Таким образом, если в первой части повести мы видим фермера с неопределённым прошлым и определённым «tenção» («Vivia, como tenção»), проживающего свою жизнь вверх и вниз, ежедневно и страстно, гору, иногда возглавляющую в ближайшую деревню, иногда в большой дом на вершине холма, смиренно восседающий на смиренном осле (после ягненка и голубя, самом христианском из животных) со смутным чувством вины и смутной надеждой на спасение. , и почти теряю зрение, буквально, от созерцания и допроса сказочного пейзажа «низов и вершин» и его «коварных взлетов и падений», если в этой части, следовательно, с ритмом ожидания, краткое изложение забот , мы чувствуем, что что-то должно произойти (это «надежда») и что-то очищается (это «искупление»), что мы суммируем в идее ритуала, — во второй части неожиданное событие запускает революция в жизни персонажа.[3]

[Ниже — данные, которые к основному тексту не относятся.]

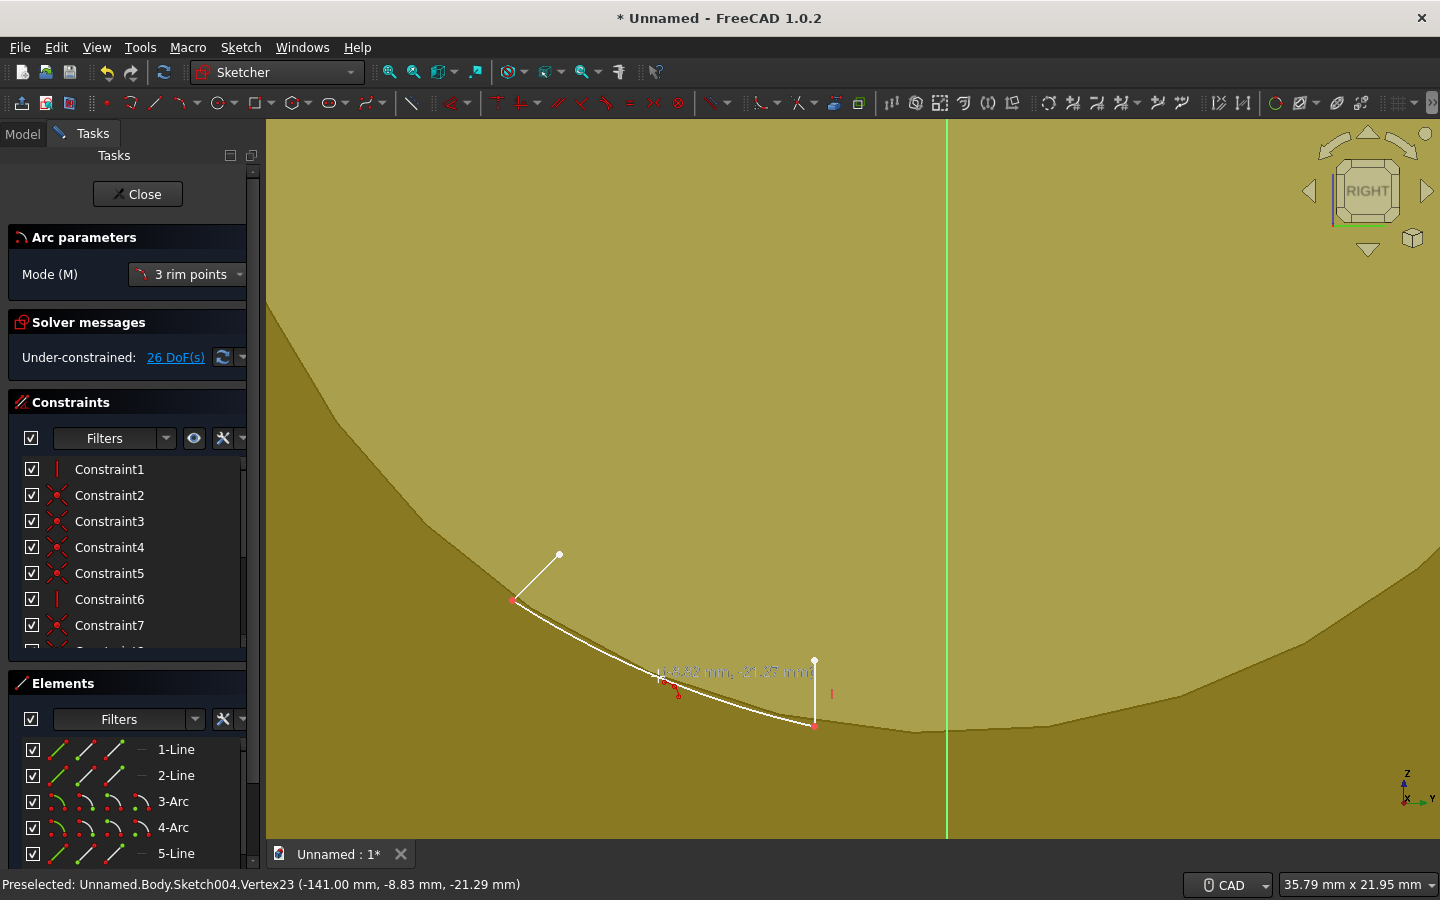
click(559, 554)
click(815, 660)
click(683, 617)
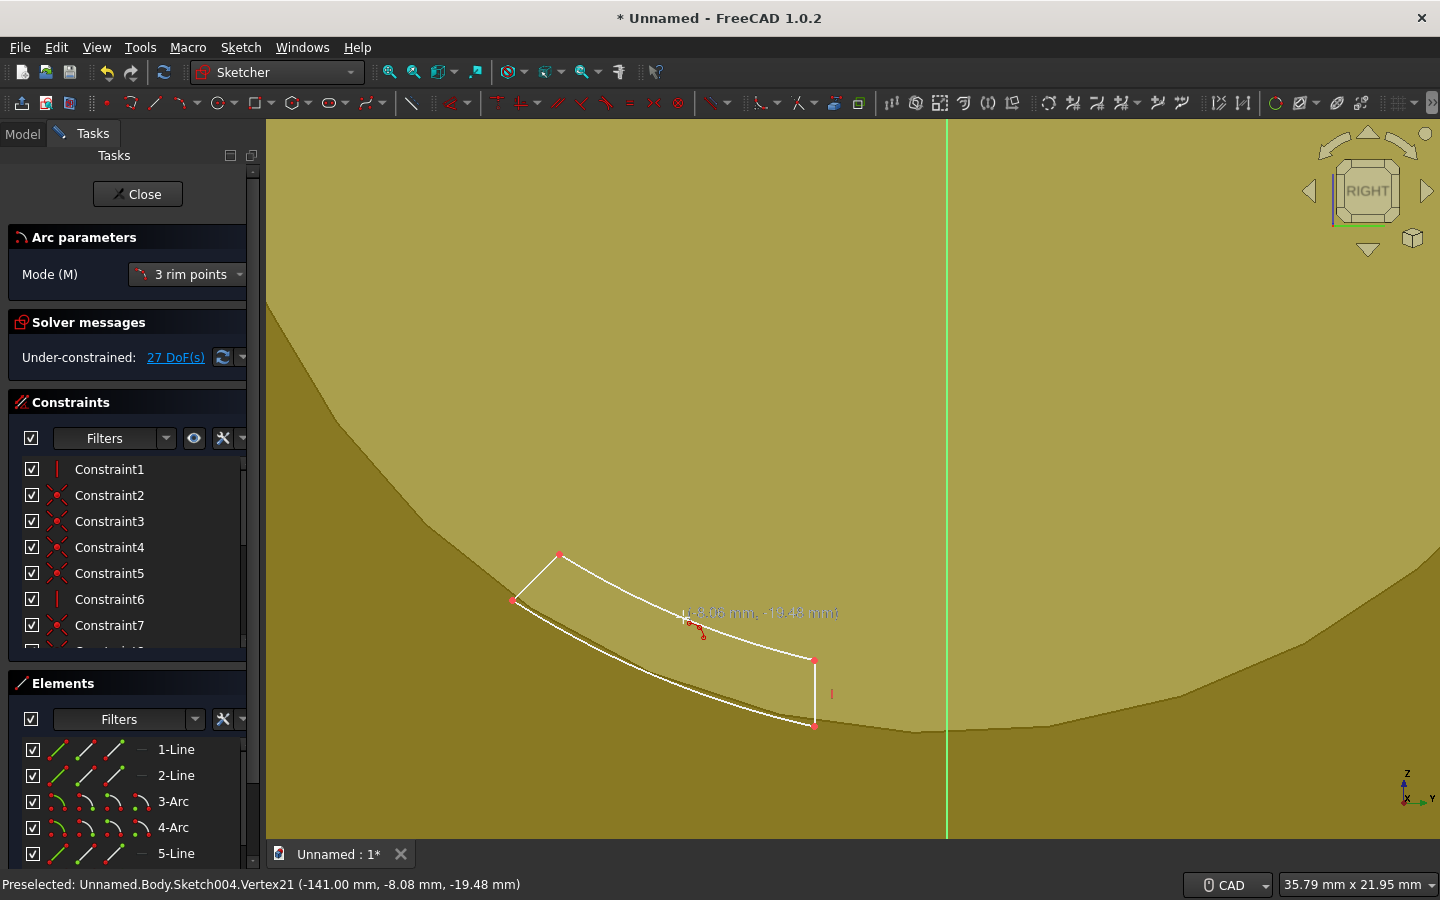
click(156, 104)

Его жена, тетя Лидуина, умирает, а дядя Ман'Антонио идет против ожиданий своих дочерей; «нелепый», практикует открытый траур, открывая дом из комнаты в комнату; в своеобразном прозрении времени, которое теперь предстает перед ним, когда он созерцает пейзаж, уже не «расчлененный», «серийный», а одним махом, «взглядом», взяв его сзади, изнутри out, — он переопределяет себя как «нерушимый», обходясь без прошлого и будущего.

По сути, при открытии большого дома сразу всего, широкого и широкого, как если бы это был своего рода гроб, узкий и гнетущий, персонаж возрождается, метаморфозируется, становясь «другим, приличным человеком», физические и нравственные метаморфозы. , до такой степени, что он почти напоминал горный пейзаж, гору, увенчанную небом, его лицо «прекрасное (…) темно-серое (…) глаза бледно-голубые».

Утешая своих дочерей, отвечая одной из них, Фелисии («Отец, разве жизнь состоит из предательских взлетов и падений? Разве не настало для нас время счастья, истинной безопасности?»), дядя Ман'Антонио достигает его главный девиз: «Притворись, дочь моя… Притворись…»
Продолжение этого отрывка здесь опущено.